Le valutazioni analitiche avranno l’obiettivo principale di caratterizzare la qualità nutrizionale e la qualità organolettica dei prodotti carnei, posto che, da un lato, si postula un effetto migliorativo del trattamento sulle suddette caratteristiche dell’alimento e, dall’altro, gli attributi nutrizionali e organolettici hanno il maggiore impatto sull’accettabilità del prodotto da parte del consumatore.

Per quanto riguarda la qualità nutrizionale, oltre alla determinazione del contenuto percentuale di umidità, proteine, lipidi e ceneri, verrà effettuata l’analisi della componente acidica mediante la preparazione degli esteri metilici degli acidi grassi (FAME) e analisi gascromatografica. Inoltre verrà effettuata l’analisi dei profili ossidativi lipidici e proteici (TBARS e ROS) e verrà valutata l’attività antiossidante dei formulati carnei in base alla capacità di scavenging dei radicali liberi di alcuni composti. La valutazione organolettica riguarderà la determinazione: a) dei parametri colorimetrici, b) del potere di ritenzione idrica, c) della forza di taglio (Warner-Brazler Shear Force, WBSF) e l’analisi del profilo tissurometrico (Texture profile analysis, TPA).

Risultati attesi

Il progetto si prefigge, dunque, di raggiungere diversi risultati:

• Lo sviluppo e l’ottimizzazione di nuove tecnologie di stabilizzazione dei prodotti carnei basati sull’impiego di radiazioni ionizzanti, accoppiati a particolari formulazioni alimentari, in grado di garantire la sicurezza alimentare di tali prodotti. Il principale parametro di valutazione sarà la totale inibizione dello sviluppo del Clostridium sporogens, in assenza o presenza di quantitativi notevolmente ridotti di nitriti e nitrati.

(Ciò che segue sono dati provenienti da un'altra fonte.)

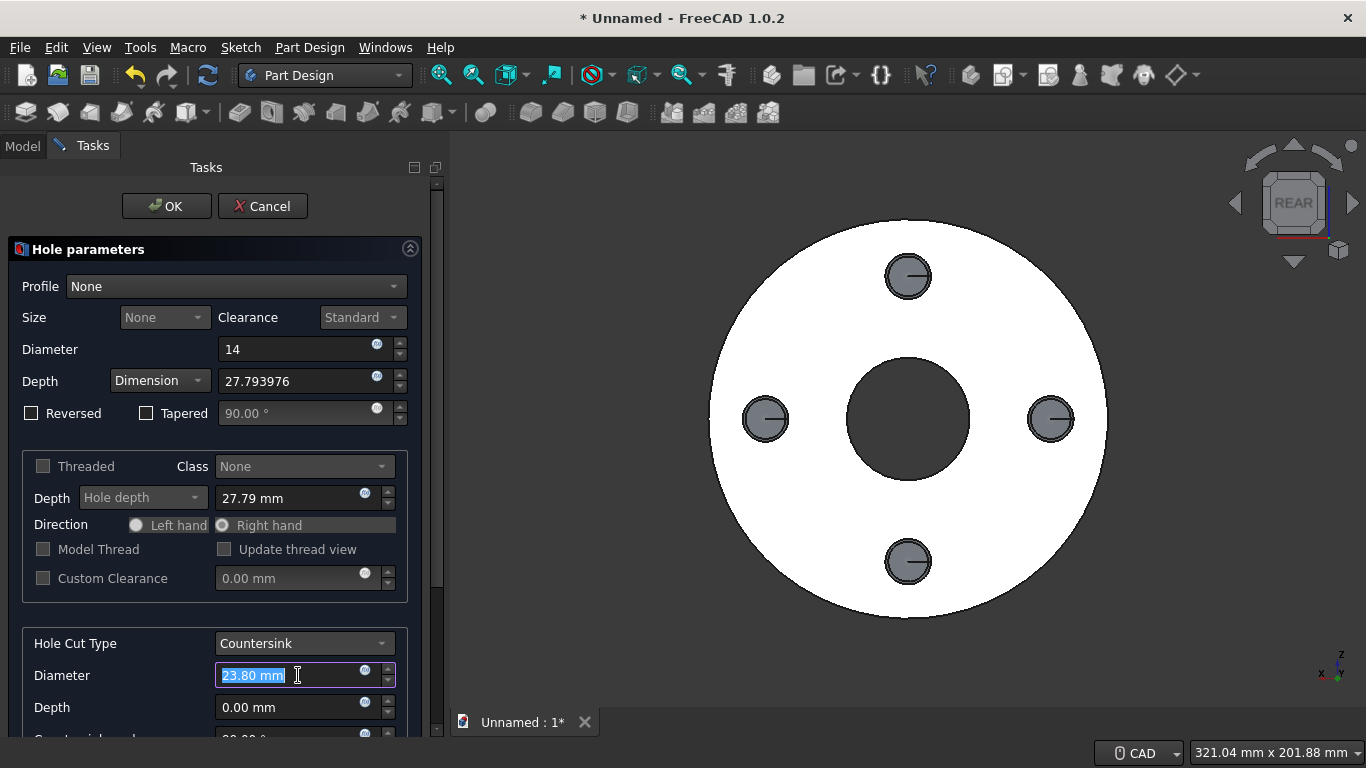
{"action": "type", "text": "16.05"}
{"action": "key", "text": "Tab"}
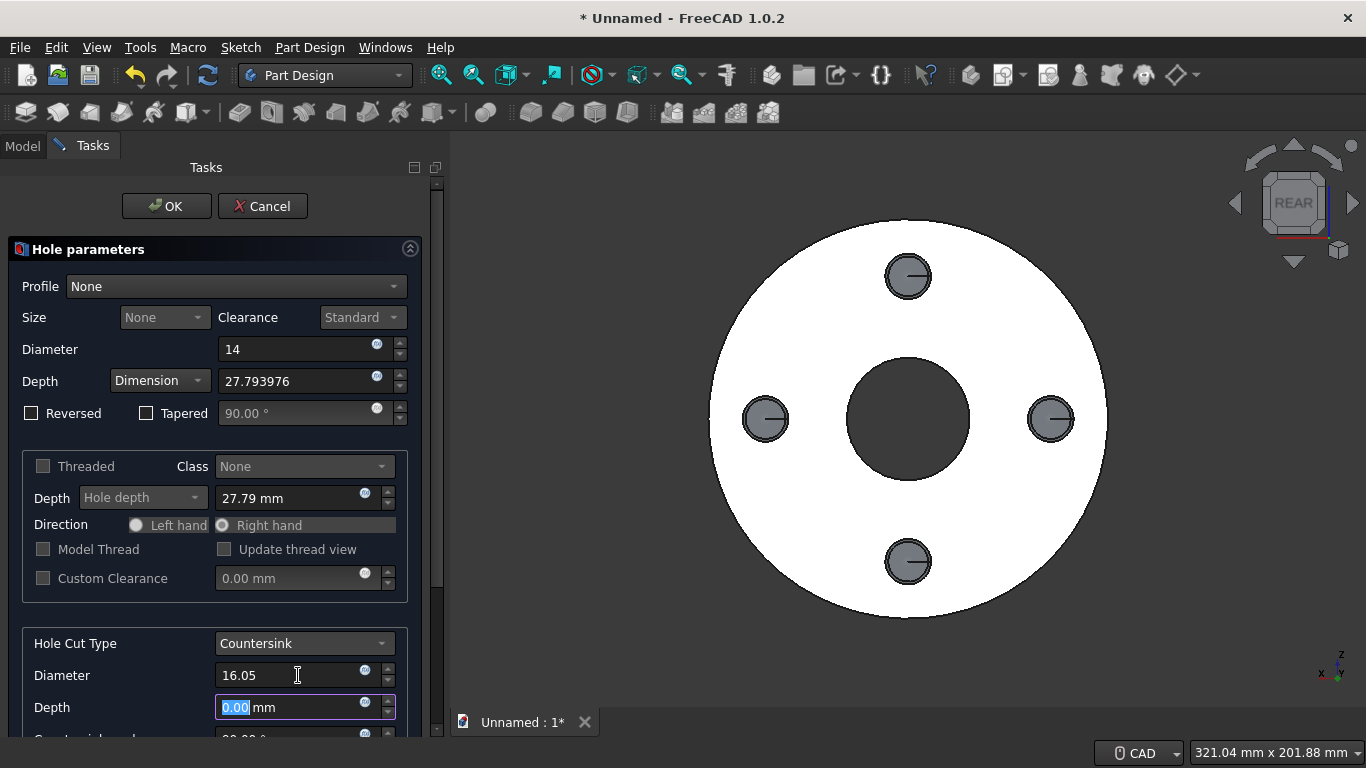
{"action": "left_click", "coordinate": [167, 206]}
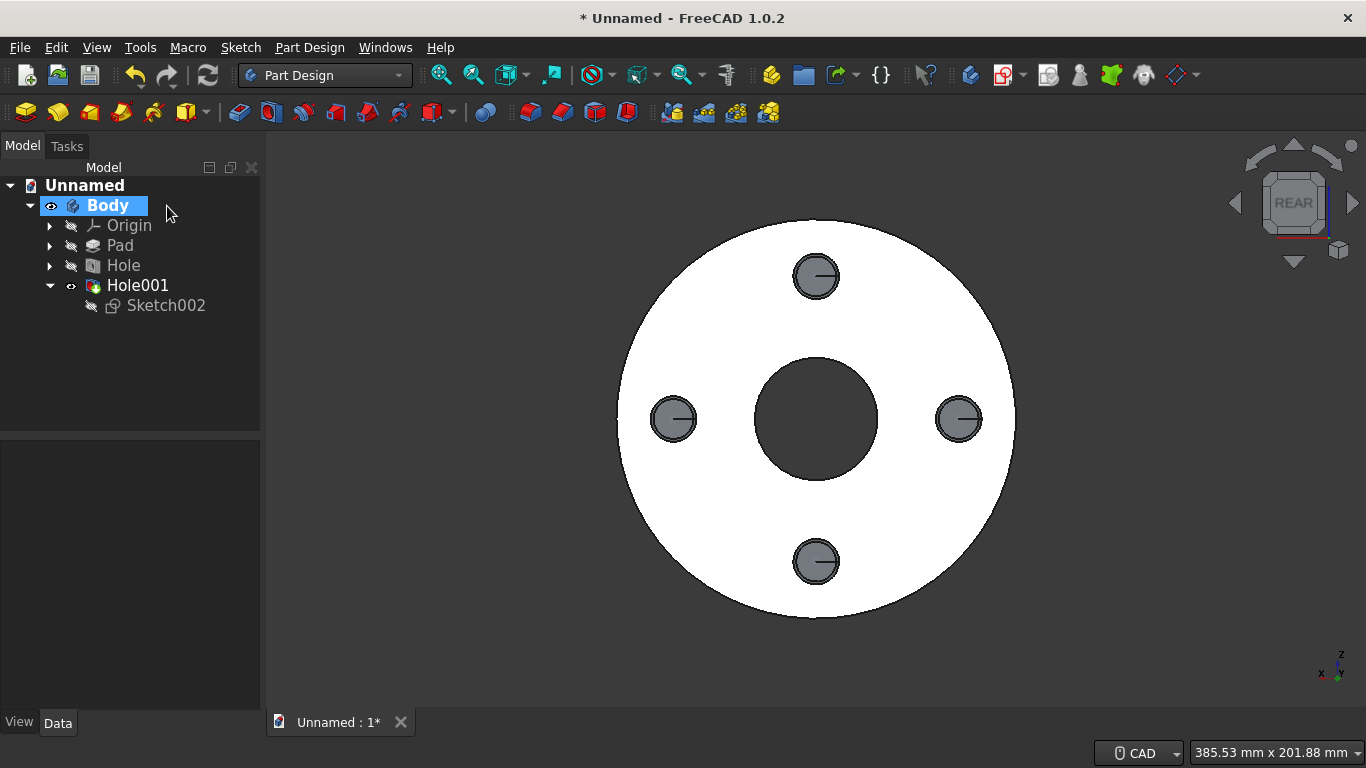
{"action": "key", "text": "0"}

• Caratterizzazione del profilo microbiologico complessivo dei prodotti carnei irradiati. Tali parametri risulteranno significativi, assieme alla capacità del trattamento di non modificare in modo sostanziale le caratteristiche originali dei prodotti trattati, in relazione agli aspetti organolettici e nutrizionali.

• Studio dell’impronta chimica degli alimenti irradiati. Tale argomento rappresenta una nuova frontiera nella sorveglianza della sicurezza alimentare ed è fondamentale per rassicurare i consumatori sull’utilizzo di alimenti trattati con radiazioni ionizzanti. I risultati che si otterranno sotto l’aspetto lipidomico saranno utili sia ai fini della valutazione sulla composizione dei prodotti carnei irradiati, sia per lo sviluppo di nuovi approcci per l’identificazione del trattamento con radiazioni ionizzanti su tali matrici.

• Valutazione di un’estensione del campo di applicazione di tale innovazione tecnologica anche per altre combinazioni additivo/prodotto alimentare.

Il progetto di Ricerca “Valutazione dell’irraggiamento quale tecnica di stabilizzazione dei prodotti carnei alternativa all’impiego di nitriti e nitrati (M.A.R.I. – Meat Additives Replacement by Irradiation)” è stato finanziato dal Ministero della Salute, nell’ambito della Ricerca Corrente 2022 (Codice progetto: IZSPB 04/22 RC).